Сидя на бревенчатом ограждении на краю выгона, он понимает, что пришло время ухватить за рога непокорного быка своей судьбы. Он глядит на жену. Она красива, сильна и уверенна верхом на вздыбленном жеребце, и он видит, что она способна выполнить любое обещание. Он уверяет себя, что ничто в жизни не важно для него так, как она. И собирается с духом для принятия великого решения.
«Сейчас или никогда», – думает он, исполняясь отваги. – «Конь со звездой во лбу – это конь моей удачи. Эта звезда у него на лбу говорит, что я должен выйти из банды, пока еще не слишком поздно».
– Уже было слишком поздно, но он этого не знал.
– Для него всегда было слишком поздно, да и для них всех.
В то самое время, когда Мани решает пойти другой дорогой, в этот самый миг подъезжает «джип», он врывается в пейзаж, сокрушая мир и тишину, распугивая животных, разбивая вдребезги очарование утра. И заставляя лопнуть мыльными пузырями все благие намерения Мани.
Из «джипа» выходит Тин Пуйуа, тщедушный и низкорослый молодой человек, вертлявый и вечно встревоженный. Он – правая рука Мани, его доверенное лицо, он с успехом выполняет поручения, наиболее значимые для Мани, начиная с выбора роз для Алины и кончая ликвидацией недобросовестных деловых партнеров.
Тин Пуйуа живет в постоянном напряжении и спешке, его как будто несет поток. Он выходит из «джипа», не выключая мотор, и разговаривает с Мани не переводя духа, не заканчивая фраз, словно у него нет времени.
Он говорит:
– Мани, твои братья велят сказать, они тебя ждут.
В один миг Мани превращается в человека войны и торговли. Его губы сжимаются так, что рот становится чертой, четче проступает пересекающий лицо полумесяц, и Мани автоматически отключается от деревни, от лошадей, от синего неба, от добрых побуждений, от любви, от будущего.

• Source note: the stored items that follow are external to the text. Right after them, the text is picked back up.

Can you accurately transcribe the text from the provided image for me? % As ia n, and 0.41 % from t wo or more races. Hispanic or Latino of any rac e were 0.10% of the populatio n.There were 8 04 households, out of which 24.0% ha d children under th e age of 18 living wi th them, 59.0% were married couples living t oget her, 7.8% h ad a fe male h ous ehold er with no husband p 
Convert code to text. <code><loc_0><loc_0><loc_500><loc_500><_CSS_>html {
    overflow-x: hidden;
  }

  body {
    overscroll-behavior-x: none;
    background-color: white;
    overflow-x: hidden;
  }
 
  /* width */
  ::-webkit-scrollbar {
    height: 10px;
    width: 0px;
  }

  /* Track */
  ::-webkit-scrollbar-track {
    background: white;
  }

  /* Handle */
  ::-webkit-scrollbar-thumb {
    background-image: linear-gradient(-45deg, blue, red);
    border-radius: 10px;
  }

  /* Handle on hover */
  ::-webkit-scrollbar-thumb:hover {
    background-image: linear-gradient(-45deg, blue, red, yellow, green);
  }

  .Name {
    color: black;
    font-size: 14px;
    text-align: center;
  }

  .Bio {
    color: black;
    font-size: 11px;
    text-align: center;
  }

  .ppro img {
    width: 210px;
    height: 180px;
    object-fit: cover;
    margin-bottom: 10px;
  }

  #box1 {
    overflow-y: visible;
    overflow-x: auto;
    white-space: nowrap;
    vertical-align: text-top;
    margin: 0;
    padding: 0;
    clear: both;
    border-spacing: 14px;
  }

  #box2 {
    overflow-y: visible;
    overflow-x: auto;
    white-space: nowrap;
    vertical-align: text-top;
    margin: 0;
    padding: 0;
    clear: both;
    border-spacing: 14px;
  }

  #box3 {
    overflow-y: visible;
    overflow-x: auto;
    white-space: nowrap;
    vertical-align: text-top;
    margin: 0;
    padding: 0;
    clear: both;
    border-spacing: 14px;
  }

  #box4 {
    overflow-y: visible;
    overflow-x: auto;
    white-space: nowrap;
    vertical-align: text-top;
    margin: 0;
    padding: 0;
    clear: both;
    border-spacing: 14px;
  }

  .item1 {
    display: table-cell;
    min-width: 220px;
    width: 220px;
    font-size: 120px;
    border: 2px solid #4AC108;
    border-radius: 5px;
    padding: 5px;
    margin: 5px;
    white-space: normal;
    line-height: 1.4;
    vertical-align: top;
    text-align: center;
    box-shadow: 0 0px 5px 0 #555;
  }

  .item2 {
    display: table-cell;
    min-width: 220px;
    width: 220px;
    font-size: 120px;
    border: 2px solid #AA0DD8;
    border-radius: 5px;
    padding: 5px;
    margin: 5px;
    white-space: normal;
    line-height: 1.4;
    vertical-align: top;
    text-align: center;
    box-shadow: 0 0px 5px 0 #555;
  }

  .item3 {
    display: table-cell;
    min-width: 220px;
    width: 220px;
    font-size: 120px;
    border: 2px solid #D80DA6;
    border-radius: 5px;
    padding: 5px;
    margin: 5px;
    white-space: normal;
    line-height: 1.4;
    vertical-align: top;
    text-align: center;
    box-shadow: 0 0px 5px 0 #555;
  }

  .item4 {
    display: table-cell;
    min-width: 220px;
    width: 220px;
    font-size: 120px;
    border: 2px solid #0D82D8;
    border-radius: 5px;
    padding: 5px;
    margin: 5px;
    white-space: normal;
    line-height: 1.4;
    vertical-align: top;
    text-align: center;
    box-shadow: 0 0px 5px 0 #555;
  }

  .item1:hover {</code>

Издали Алина видит «джип», угадывает слова Тина Пуйуа, резко останавливает коня, так же резко переходит от радости к тревоге, от благодарности мужу к досаде на него и с горечью ждет, когда ей объявят то, что она уже знает.
– Мне надо ехать, Алина, – кричит Мани своим публичным голосом – голосом молодого руководителя организованной преступности.

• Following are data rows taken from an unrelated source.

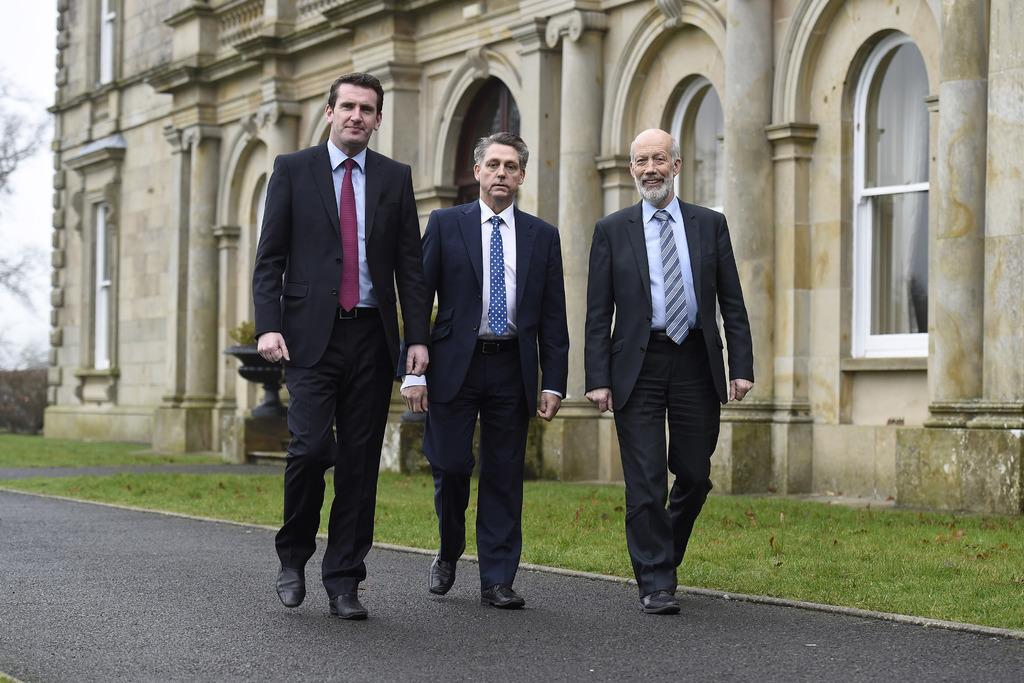What is located in the background of the image? There is a building in the background of the image. What is at the bottom of the image? There is a road at the bottom of the image. What type of vegetation is present on the ground? There is grass on the ground. Can you describe the people in the image? The provided facts do not mention any specific details about the people in the image. What type of amusement can be seen in the image? There is no amusement present in the image; it features a building, a road, and grass. How many attempts are being made by the persons in the image? The provided facts do not mention any specific details about the people in the image, so it is impossible to determine if they are making any attempts. 
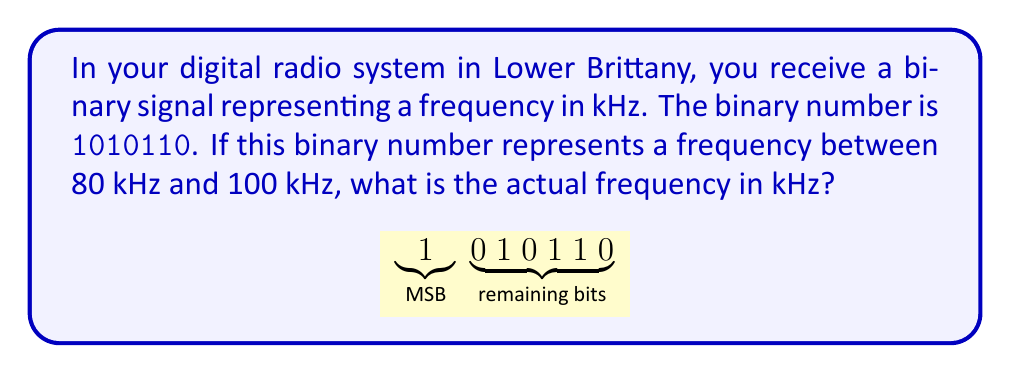What is the answer to this math problem? Let's approach this step-by-step:

1) First, we need to convert the binary number 1010110 to decimal.
   
   $$1010110_2 = 1\cdot2^6 + 0\cdot2^5 + 1\cdot2^4 + 0\cdot2^3 + 1\cdot2^2 + 1\cdot2^1 + 0\cdot2^0$$
   
   $$= 64 + 0 + 16 + 0 + 4 + 2 + 0 = 86_{10}$$

2) Now we know that 1010110 in binary is equal to 86 in decimal.

3) Given that this number represents a frequency between 80 kHz and 100 kHz, we can conclude that 86 directly corresponds to 86 kHz.

4) Therefore, the actual frequency represented by the binary number 1010110 is 86 kHz.

This system likely uses a simple encoding where the binary number directly represents the frequency in kHz, which is an efficient method for digital radio systems operating within a specific frequency range.
Answer: 86 kHz 
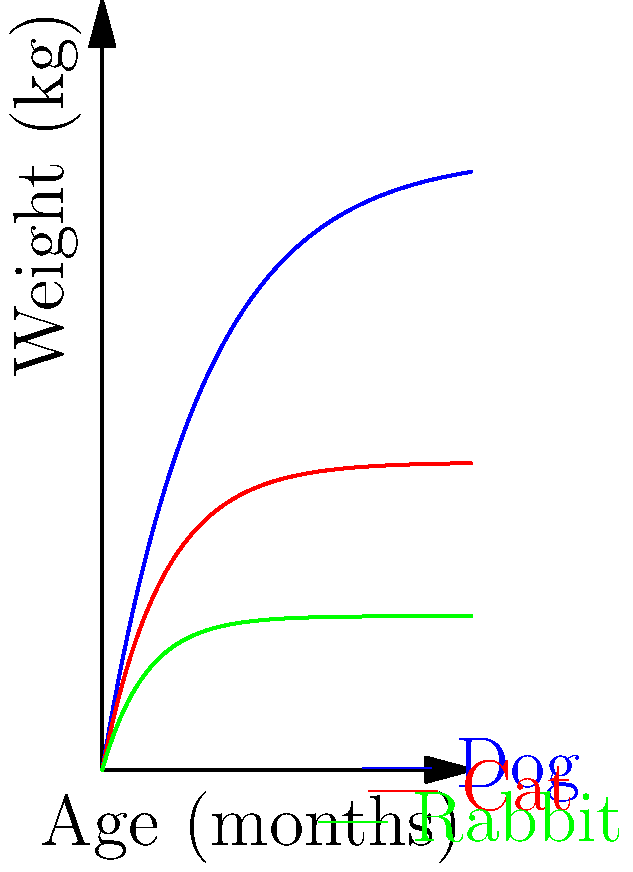Based on the growth charts for different animal species, at approximately what age (in months) does a cat reach half of its adult weight? To determine when a cat reaches half of its adult weight, we need to follow these steps:

1. Observe the growth curve for cats (red line) on the chart.
2. Identify the asymptote of the cat's growth curve, which represents the adult weight. From the graph, we can see that the cat's weight approaches about 10 kg.
3. Calculate half of the adult weight: $\frac{10}{2} = 5$ kg.
4. Locate the point on the cat's growth curve where it crosses the 5 kg mark on the y-axis.
5. Project this point onto the x-axis to determine the corresponding age.

From the graph, we can see that the cat's growth curve crosses the 5 kg mark at approximately 1.5 months.

This aligns with the exponential growth model used in the graph:

$W(t) = W_{\infty}(1 - e^{-kt})$

Where $W(t)$ is the weight at time $t$, $W_{\infty}$ is the adult weight, and $k$ is the growth rate constant.

For cats, $W_{\infty} = 10$ kg and $k = 0.5$ (based on the Asymptote code).

To find when the weight is half the adult weight:

$5 = 10(1 - e^{-0.5t})$
$0.5 = 1 - e^{-0.5t}$
$e^{-0.5t} = 0.5$
$-0.5t = \ln(0.5)$
$t = -\frac{\ln(0.5)}{0.5} \approx 1.39$ months

This calculation confirms our visual estimation from the graph.
Answer: 1.5 months 
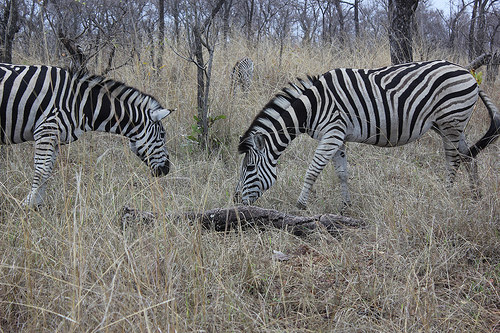What would the zebras in the image typically eat? Zebras typically feed on a variety of grasses found in their savanna habitat. They are grazing animals and their diet consists mostly of the tough grasses that are able to survive in the arid conditions shown in the image.

– Уже знаю, – отвечает она ледяным тоном. Она уже знает и то, что не имеет смысла ни возражать человеку, говорящему с ней сейчас, ни бросать ему оскорбления, ни просить у него объяснений, ни плакать перед ним.
– Купи себе лошадь, какую захочешь. Хочешь, купи их всех. Утро прекрасное, покатайся вволю. Автомобиль с шофером будет ждать, вернешься, когда тебе заблагорассудится.
Двое мужчин садятся в «джип» и исчезают за рожковыми деревьями. Алина, брошенная посреди выгона, верхом на коне, со своей заплетенной, как у пятнадцатилетней девочки, косичкой, и в костюме амазонки, остается – безжизненная, застывшая и нелепая, точно ненужный манекен, выставленный хозяином магазина на тротуар, чтобы его увезли мусорщики.